(Items from a dataset)
⟨

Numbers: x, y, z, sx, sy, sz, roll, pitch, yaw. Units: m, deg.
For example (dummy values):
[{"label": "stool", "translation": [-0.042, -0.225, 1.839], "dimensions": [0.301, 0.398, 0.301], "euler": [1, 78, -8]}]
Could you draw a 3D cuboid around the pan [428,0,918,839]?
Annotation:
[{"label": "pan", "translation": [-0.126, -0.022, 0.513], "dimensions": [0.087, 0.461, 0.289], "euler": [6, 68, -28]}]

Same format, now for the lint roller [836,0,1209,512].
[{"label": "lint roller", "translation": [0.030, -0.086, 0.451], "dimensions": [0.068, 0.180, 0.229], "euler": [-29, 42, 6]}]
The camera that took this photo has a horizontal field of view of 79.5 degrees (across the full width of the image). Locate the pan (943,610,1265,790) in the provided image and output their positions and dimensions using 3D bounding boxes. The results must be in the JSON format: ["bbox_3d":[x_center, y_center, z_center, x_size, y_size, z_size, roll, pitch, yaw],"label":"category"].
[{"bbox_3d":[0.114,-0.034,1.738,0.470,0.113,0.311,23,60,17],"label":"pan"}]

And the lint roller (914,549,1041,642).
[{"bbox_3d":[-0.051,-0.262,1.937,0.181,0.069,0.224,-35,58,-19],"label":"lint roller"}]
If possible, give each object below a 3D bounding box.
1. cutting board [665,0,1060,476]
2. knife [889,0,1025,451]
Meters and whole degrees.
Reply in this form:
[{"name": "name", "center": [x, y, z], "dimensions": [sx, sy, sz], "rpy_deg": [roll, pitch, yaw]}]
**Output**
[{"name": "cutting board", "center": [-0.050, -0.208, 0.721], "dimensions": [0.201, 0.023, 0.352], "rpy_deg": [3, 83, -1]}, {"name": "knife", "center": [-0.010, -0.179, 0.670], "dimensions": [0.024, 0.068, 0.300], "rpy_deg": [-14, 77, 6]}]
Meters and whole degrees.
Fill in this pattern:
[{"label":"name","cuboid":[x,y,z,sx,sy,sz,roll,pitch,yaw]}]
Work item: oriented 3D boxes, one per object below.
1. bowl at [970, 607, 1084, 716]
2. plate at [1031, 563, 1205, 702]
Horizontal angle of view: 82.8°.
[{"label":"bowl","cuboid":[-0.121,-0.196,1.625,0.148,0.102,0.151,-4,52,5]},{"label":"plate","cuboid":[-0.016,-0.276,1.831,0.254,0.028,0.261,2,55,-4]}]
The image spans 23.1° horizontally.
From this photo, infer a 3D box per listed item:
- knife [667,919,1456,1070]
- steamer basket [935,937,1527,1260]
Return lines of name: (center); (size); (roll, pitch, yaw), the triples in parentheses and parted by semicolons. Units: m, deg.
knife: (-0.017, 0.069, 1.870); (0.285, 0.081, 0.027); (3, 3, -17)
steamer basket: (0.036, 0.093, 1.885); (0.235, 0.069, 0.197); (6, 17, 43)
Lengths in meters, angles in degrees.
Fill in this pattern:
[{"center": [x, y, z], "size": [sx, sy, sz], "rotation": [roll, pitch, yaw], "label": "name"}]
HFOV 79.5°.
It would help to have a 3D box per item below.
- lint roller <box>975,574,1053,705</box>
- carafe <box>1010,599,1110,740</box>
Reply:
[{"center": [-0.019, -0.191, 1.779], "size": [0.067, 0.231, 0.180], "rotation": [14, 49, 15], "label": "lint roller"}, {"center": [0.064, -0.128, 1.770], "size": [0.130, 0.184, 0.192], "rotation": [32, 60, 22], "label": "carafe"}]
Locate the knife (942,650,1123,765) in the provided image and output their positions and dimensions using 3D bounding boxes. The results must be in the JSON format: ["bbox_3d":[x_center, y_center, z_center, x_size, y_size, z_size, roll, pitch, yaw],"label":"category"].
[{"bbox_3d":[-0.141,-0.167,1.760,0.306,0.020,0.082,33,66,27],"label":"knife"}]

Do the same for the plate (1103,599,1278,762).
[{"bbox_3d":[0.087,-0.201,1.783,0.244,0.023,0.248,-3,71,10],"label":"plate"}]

⟩

• Your assignment: Scan the lines above for the word "object" and copy every one where it occurs.

• Written solution:
If possible, give each object below a 3D bounding box.
Work item: oriented 3D boxes, one per object below.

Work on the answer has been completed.